For the transcription factor network, the cells were replaced with pseudocells created by averaging the expression of any selected cell’s 30 nearest neighbours in the three-dimensional UMAP. The space was divided into unit voxels. Each voxel featuring fewer than five pseudo-cells was emptied and remaining populated voxels were downsampled to pseudo-cells, where N is the number of cells originally present in the voxel. The voxels had the proportion of each cell type and organ appearing among their cells calculated, assigning the values to their resulting pseudo-cells. These proportions were subsequently compared to gene expression with the Pearson correlation coefficient. The pseudo-cells were used to identify highly variable genes, the gene pool was filtered to feature high confidence transcription factors from AnimalTFDB3, the expression matrix was transposed and a UMAP manifold was proposed based on a cosine distance KNN graph of the genes. Edges were drawn between the nodes of the network where UMAP connectivity exceeded 0.25, node colouring was based on the most correlated cell type/organ annotation, and node size reflects the difference between its correlation coefficient and the next highest correlation coefficient in that category, accounting for specificity.
Author contributions
JP conceived the method, conducted the PBMC and murine analyses, created the figures and contributed to the manuscript. KP implemented the method and wrote the documentation, conducted the pancreas analysis/benchmarking and created the manuscript.
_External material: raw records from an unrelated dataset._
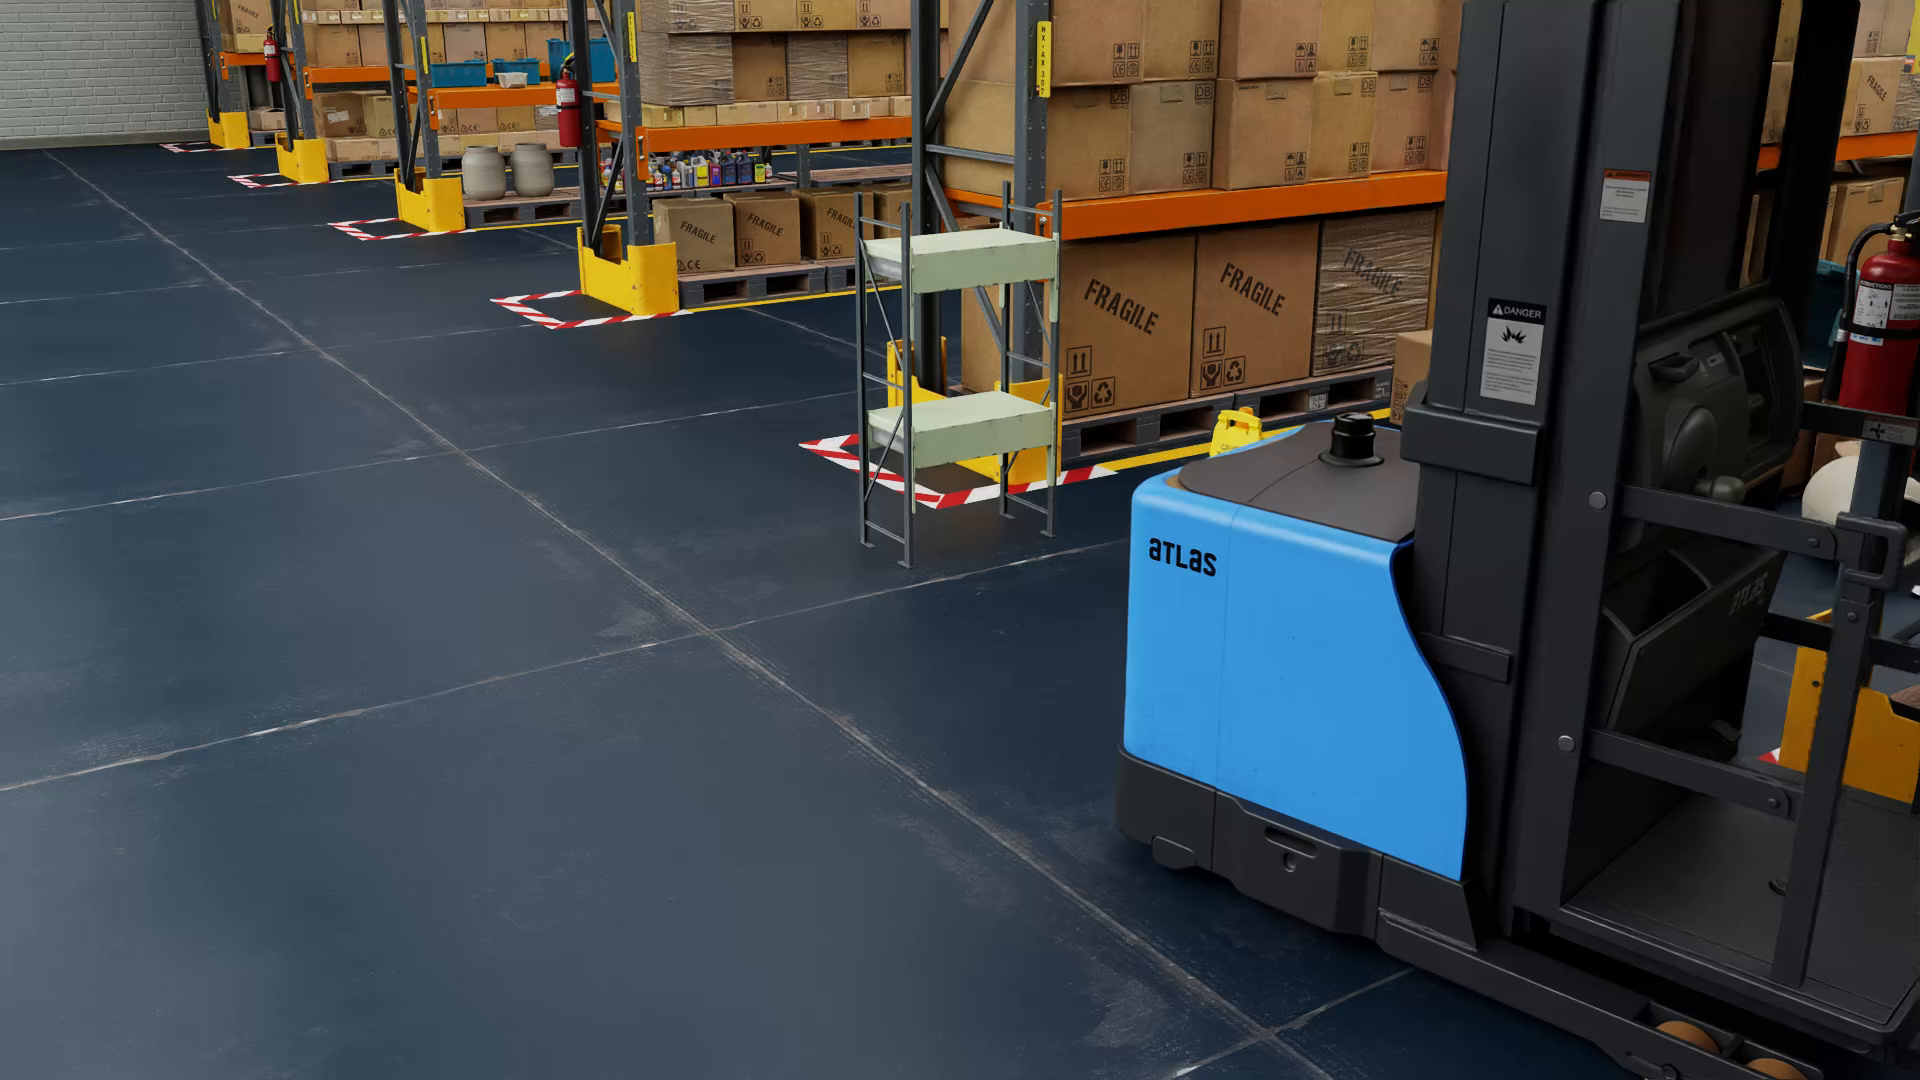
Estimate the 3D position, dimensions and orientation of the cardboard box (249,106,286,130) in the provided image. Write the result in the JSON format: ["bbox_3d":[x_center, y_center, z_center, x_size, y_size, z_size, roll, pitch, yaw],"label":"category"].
[{"bbox_3d":[-10.112,-6.219,24.467,0.500,0.311,0.500,-15,24,-37],"label":"cardboard box"}]

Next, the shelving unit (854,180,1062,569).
[{"bbox_3d":[-0.006,-0.709,7.001,0.755,1.500,0.431,-12,22,-31],"label":"shelving unit"}]

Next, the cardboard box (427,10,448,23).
[{"bbox_3d":[-6.491,-6.455,20.487,0.250,0.149,0.380,-12,22,-32],"label":"cardboard box"}]

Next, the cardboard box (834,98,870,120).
[{"bbox_3d":[-0.891,-3.317,12.765,0.250,0.149,0.380,-12,22,-31],"label":"cardboard box"}]

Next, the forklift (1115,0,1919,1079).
[{"bbox_3d":[1.852,-0.311,3.587,3.031,2.935,1.130,17,25,41],"label":"forklift"}]

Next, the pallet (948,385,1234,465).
[{"bbox_3d":[0.702,-0.708,9.009,1.213,0.211,1.003,-12,22,-31],"label":"pallet"}]

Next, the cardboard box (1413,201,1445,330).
[{"bbox_3d":[2.854,-1.672,10.168,0.875,0.875,0.875,-12,22,-31],"label":"cardboard box"}]

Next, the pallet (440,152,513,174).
[{"bbox_3d":[-6.378,-4.900,21.410,1.213,0.211,1.003,-12,22,-31],"label":"pallet"}]

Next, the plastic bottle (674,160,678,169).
[{"bbox_3d":[-2.956,-3.882,17.598,0.133,0.283,0.061,-12,22,-31],"label":"plastic bottle"}]

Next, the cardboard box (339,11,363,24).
[{"bbox_3d":[-7.346,-6.275,19.954,0.250,0.149,0.380,-13,22,-33],"label":"cardboard box"}]

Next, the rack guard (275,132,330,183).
[{"bbox_3d":[-8.032,-4.673,20.288,0.348,0.500,1.175,-12,22,-31],"label":"rack guard"}]

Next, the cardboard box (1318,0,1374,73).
[{"bbox_3d":[1.730,-2.817,8.972,0.500,0.550,0.875,-12,22,-31],"label":"cardboard box"}]

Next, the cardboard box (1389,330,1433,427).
[{"bbox_3d":[2.686,-0.841,8.947,0.500,0.500,0.500,-8,20,-22],"label":"cardboard box"}]

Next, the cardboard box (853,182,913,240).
[{"bbox_3d":[-0.531,-2.638,13.611,0.500,0.500,0.500,-14,23,-36],"label":"cardboard box"}]

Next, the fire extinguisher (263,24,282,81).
[{"bbox_3d":[-8.366,-5.929,20.219,0.183,0.674,0.296,-12,22,-31],"label":"fire extinguisher"}]

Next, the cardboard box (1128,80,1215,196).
[{"bbox_3d":[0.809,-2.118,8.593,0.550,0.550,0.875,-12,22,-31],"label":"cardboard box"}]

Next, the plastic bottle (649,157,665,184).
[{"bbox_3d":[-3.262,-3.984,17.913,0.135,0.276,0.152,-12,22,-31],"label":"plastic bottle"}]

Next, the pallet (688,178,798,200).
[{"bbox_3d":[-2.534,-3.813,18.193,1.213,0.211,1.003,-12,22,-31],"label":"pallet"}]

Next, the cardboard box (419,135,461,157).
[{"bbox_3d":[-6.608,-4.970,20.900,0.500,0.250,0.500,-12,22,-31],"label":"cardboard box"}]

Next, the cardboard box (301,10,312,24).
[{"bbox_3d":[-7.797,-6.335,20.130,0.250,0.149,0.380,-12,22,-32],"label":"cardboard box"}]

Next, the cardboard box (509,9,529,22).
[{"bbox_3d":[-5.631,-6.637,21.025,0.250,0.149,0.380,-12,22,-32],"label":"cardboard box"}]

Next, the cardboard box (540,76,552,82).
[{"bbox_3d":[-6.427,-7.483,26.740,0.500,0.250,0.500,-12,22,-33],"label":"cardboard box"}]

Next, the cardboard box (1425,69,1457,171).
[{"bbox_3d":[2.669,-2.471,9.638,0.550,0.550,0.875,-12,22,-31],"label":"cardboard box"}]

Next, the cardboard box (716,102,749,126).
[{"bbox_3d":[-1.761,-3.158,12.294,0.250,0.149,0.380,-12,22,-31],"label":"cardboard box"}]

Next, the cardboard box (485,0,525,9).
[{"bbox_3d":[-5.878,-6.971,21.000,0.500,0.500,0.700,-12,22,-31],"label":"cardboard box"}]

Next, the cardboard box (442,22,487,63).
[{"bbox_3d":[-6.323,-6.261,20.926,0.500,0.500,0.700,-11,22,-30],"label":"cardboard box"}]

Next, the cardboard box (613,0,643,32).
[{"bbox_3d":[-2.243,-4.036,12.319,0.500,0.500,0.500,-12,22,-31],"label":"cardboard box"}]

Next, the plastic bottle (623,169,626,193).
[{"bbox_3d":[-3.406,-3.729,17.145,0.133,0.283,0.061,-11,22,-31],"label":"plastic bottle"}]

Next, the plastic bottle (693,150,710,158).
[{"bbox_3d":[-2.852,-4.163,18.325,0.185,0.351,0.144,-11,22,-30],"label":"plastic bottle"}]

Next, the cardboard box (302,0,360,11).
[{"bbox_3d":[-7.571,-6.612,19.937,0.500,0.500,0.700,-12,22,-31],"label":"cardboard box"}]

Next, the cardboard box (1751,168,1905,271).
[{"bbox_3d":[6.200,-2.326,12.299,0.750,0.750,1.050,-12,22,-32],"label":"cardboard box"}]

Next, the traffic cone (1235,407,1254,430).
[{"bbox_3d":[1.302,-0.379,7.643,0.334,0.463,0.336,-12,22,-31],"label":"traffic cone"}]

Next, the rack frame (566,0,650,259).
[{"bbox_3d":[-2.566,-3.211,12.061,0.127,3.000,1.000,-12,22,-31],"label":"rack frame"}]

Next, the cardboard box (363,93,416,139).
[{"bbox_3d":[-7.025,-5.237,20.519,0.500,0.500,0.500,-12,22,-31],"label":"cardboard box"}]

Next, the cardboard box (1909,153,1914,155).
[{"bbox_3d":[8.034,-3.014,13.553,0.500,0.250,0.500,-11,22,-30],"label":"cardboard box"}]

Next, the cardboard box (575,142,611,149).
[{"bbox_3d":[-4.938,-5.323,21.943,0.500,0.250,0.500,-12,22,-31],"label":"cardboard box"}]

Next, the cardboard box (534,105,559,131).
[{"bbox_3d":[-5.362,-5.593,21.571,0.500,0.500,0.500,-12,22,-31],"label":"cardboard box"}]

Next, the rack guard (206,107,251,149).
[{"bbox_3d":[-10.676,-6.015,24.258,0.348,0.500,1.175,-12,22,-31],"label":"rack guard"}]

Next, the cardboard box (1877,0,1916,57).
[{"bbox_3d":[6.378,-3.721,11.850,0.500,0.500,0.700,-12,22,-32],"label":"cardboard box"}]

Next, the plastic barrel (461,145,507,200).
[{"bbox_3d":[-4.783,-3.693,16.714,0.421,0.512,0.421,0,19,0],"label":"plastic barrel"}]

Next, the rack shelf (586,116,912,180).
[{"bbox_3d":[-0.896,-3.223,13.218,4.000,0.370,1.077,-12,22,-31],"label":"rack shelf"}]

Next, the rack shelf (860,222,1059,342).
[{"bbox_3d":[-0.006,-1.079,6.876,0.720,0.370,0.431,-12,22,-31],"label":"rack shelf"}]

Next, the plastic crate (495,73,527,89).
[{"bbox_3d":[-4.366,-4.483,16.233,0.250,0.136,0.298,-12,22,-31],"label":"plastic crate"}]

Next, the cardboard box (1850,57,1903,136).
[{"bbox_3d":[6.113,-3.085,11.530,0.500,0.500,0.500,-12,22,-31],"label":"cardboard box"}]

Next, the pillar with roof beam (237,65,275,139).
[{"bbox_3d":[-8.263,-9.231,20.500,0.400,9.000,9.100,-12,22,-31],"label":"pillar with roof beam"}]

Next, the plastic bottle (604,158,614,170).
[{"bbox_3d":[-3.713,-3.907,17.673,0.133,0.283,0.061,-12,22,-31],"label":"plastic bottle"}]

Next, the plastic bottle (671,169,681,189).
[{"bbox_3d":[-2.981,-3.787,17.444,0.097,0.201,0.097,0,19,0],"label":"plastic bottle"}]

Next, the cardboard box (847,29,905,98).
[{"bbox_3d":[-0.875,-3.771,13.095,0.500,0.500,0.875,-12,22,-31],"label":"cardboard box"}]

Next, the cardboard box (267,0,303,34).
[{"bbox_3d":[-9.757,-7.568,23.979,0.500,0.500,0.500,-12,22,-31],"label":"cardboard box"}]

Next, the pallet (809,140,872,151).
[{"bbox_3d":[-2.039,-5.815,24.117,1.213,0.211,1.003,-12,22,-31],"label":"pallet"}]

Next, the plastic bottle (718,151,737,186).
[{"bbox_3d":[-2.489,-3.970,17.754,0.185,0.351,0.144,-13,23,-34],"label":"plastic bottle"}]

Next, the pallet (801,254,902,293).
[{"bbox_3d":[-0.787,-2.251,13.574,1.213,0.211,1.003,-12,22,-31],"label":"pallet"}]

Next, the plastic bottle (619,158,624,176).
[{"bbox_3d":[-3.656,-3.957,17.831,0.135,0.276,0.152,-13,22,-33],"label":"plastic bottle"}]

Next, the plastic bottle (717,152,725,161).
[{"bbox_3d":[-2.653,-4.131,18.335,0.133,0.283,0.061,-12,22,-31],"label":"plastic bottle"}]

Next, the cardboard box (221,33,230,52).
[{"bbox_3d":[-10.455,-7.259,24.235,0.500,0.250,0.500,-12,22,-31],"label":"cardboard box"}]

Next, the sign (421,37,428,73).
[{"bbox_3d":[-4.992,-4.520,15.497,0.005,0.325,0.100,-12,22,-31],"label":"sign"}]

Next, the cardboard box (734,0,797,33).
[{"bbox_3d":[-1.536,-3.984,12.163,0.500,0.500,0.500,-12,22,-31],"label":"cardboard box"}]

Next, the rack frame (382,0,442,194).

KM and ST supervised the work and assisted in the writing of the manuscript.
Competing interests
none declared.
Acknowledgments
The authors would like to thank Nadine Flinner for imputation assistance, Johan Henriksson for optimal trimming implementation inspiration, Oliver Stegle for suggesting the benchmarging computational experiment, Xi Chen, Mirjana Efremova, Kyowon Jeong, Tomás Gomes, Martin Hemberg and Roser Vento for feedback on the manuscript and all members of the Teichmann lab for helpful discussions.